And here’s the thing about anxiety that I think a lot of Christians feel even more anxiety over. In and of itself, anxiety is not a sin. Anxiety is an emotion that tells me when I need to slow down and focus more on God than others or things. Sin only comes into play when I let my anxiety control me instead of choosing to let God control my anxiety. I can choose to dwell on my anxiety and let it take me to dark places or I can choose to use my anxiety to draw me closer to God and the healthy relationships He has provided for me.

That’s where my best friend cleaning my mirror and organizing my kitchen cabinet comes into the picture. Yes, she did that in a literal sense, but all throughout this year she and a few other friends have done that in a metaphorical sense as well. They’ve loved me, they’ve cared about me, and they’ve celebrated me. In doing so, they’ve helped me see my spiritual and emotional reflections better and they’ve helped me to organize the clutter of my mental cabinets.

In 2018, I was reminded what my actual identity looks like. I was reminded that it’s okay and important to rearrange things in my life and to get rid of things that negatively affect my mental health. Through my dearest friends who have chatted with me and loved me, I’ve seen what godly and healthy relationships are supposed to look like. Because of that, I’ve learned which relationships I need to just get rid of all together and which relationships I need to push to the back of my “cabinet” and not use quite as often, if ever. While doing that, God worked on my malunion fractures and reset them so that now as I head into a new year they are truly healed and ready for whatever God may have for me in the next chapter of my life.

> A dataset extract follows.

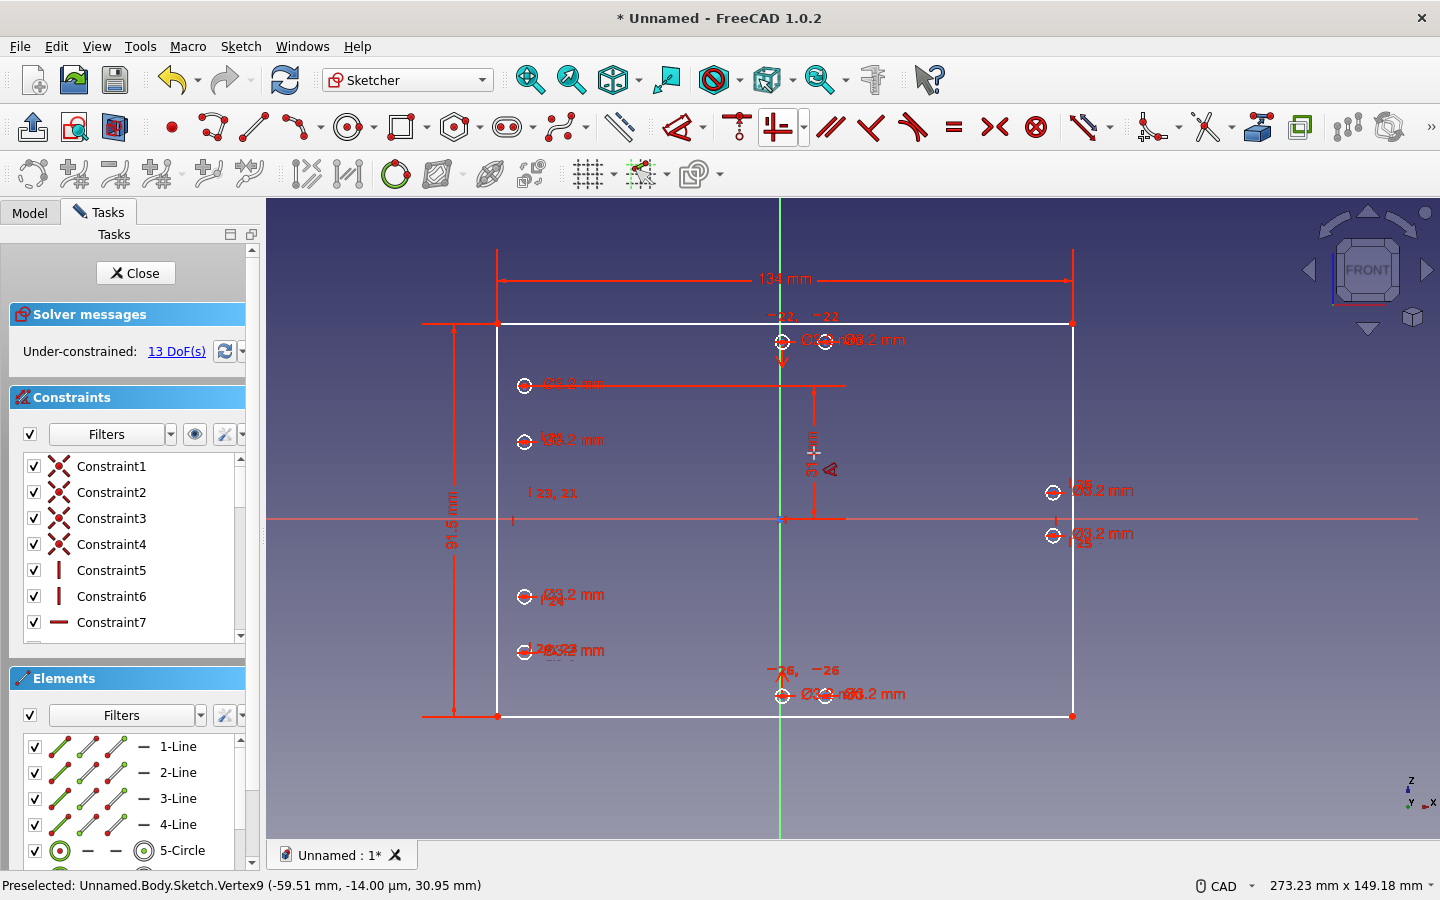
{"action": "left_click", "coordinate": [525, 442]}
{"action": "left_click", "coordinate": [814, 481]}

Normally at the end/beginning of the year I give a brief recap of the year before and then set out my goals for the coming new year. This year I can’t really recap 2018 because I didn’t accomplish any of my goals. I’m going into 2019 a few pounds heavier than I went into 2018 instead of leaving 2018 twenty-five to fifty pounds lighter. I didn’t read very many books or finish any television series’. I didn’t read my Bible every day and I didn’t journal every day (though I did do a lot better at both this year than I normally do. I journaled almost every day and read my Bible or a Bible plan on average a couple times a week.) I didn’t create something new every day and I didn’t really change my eating habits very much. But all of that is okay. I don’t feel sad or discouraged by not meeting any of these goals because I can honestly say I’m leaving 2018 feeling a lot lighter than I felt during the rest of the year, because I’ve finally realized that with God I can control my anxiety. I’ve realized that asking for prayer and help is okay and so, so important. I’ve also realized that if my friendship fears were grounded in any amount of truth, then I wouldn’t have the same best friends after six years of them knowing me.

So, as I leave 2018 and head into 2019, I’m not making any plans or setting any goals. I’ll continue and start a few new practices like journaling, creating more, sleeping to the light sound of worship music in the background, tracking my daily stress levels, and keeping track of what I do and don’t eat or how I do or don’t exercise, but I’m not setting any goals. I’m just going to read my Bible, worship the Lord in song and written word, and let my friends help me when I don’t know how to help myself. Because no matter what happens in 2019 and no matter how often I feel anxious or worried, I won’t let it consume me. I will live in peace with the Lord and know that “no matter what my future holds, I know Who holds my future.”

24: Crazy (Fear)ce

24. 2018. Both the same year in my world. Both a year of constantly feeling fearful, crazy, and or fierce all at the same time or one after the other. Life is unpredictable and everchanging. I like to know things and stay where I am. 24 didn’t tell me anything until after it happened and rarely let me stay in the same place doing the same thing for longer than a few moments at a time. 24 was a year of drama. Family drama. Financial drama. Apartment drama. Just drama. I spent a lot of time praying and texting my best friend for support and prayers, and sometimes texting my other best friends and blogging for some sort of comprehension into my crazy life. I wrote a lot of songs about feeling fearful, crazy, and fierce. I listened to the same 15 to 30 songs over and over and over again without really listening to much else. And I may or may not have broken down a lot this year. Seriously, I didn’t even fangirl much this year. That’s how crazy it’s been.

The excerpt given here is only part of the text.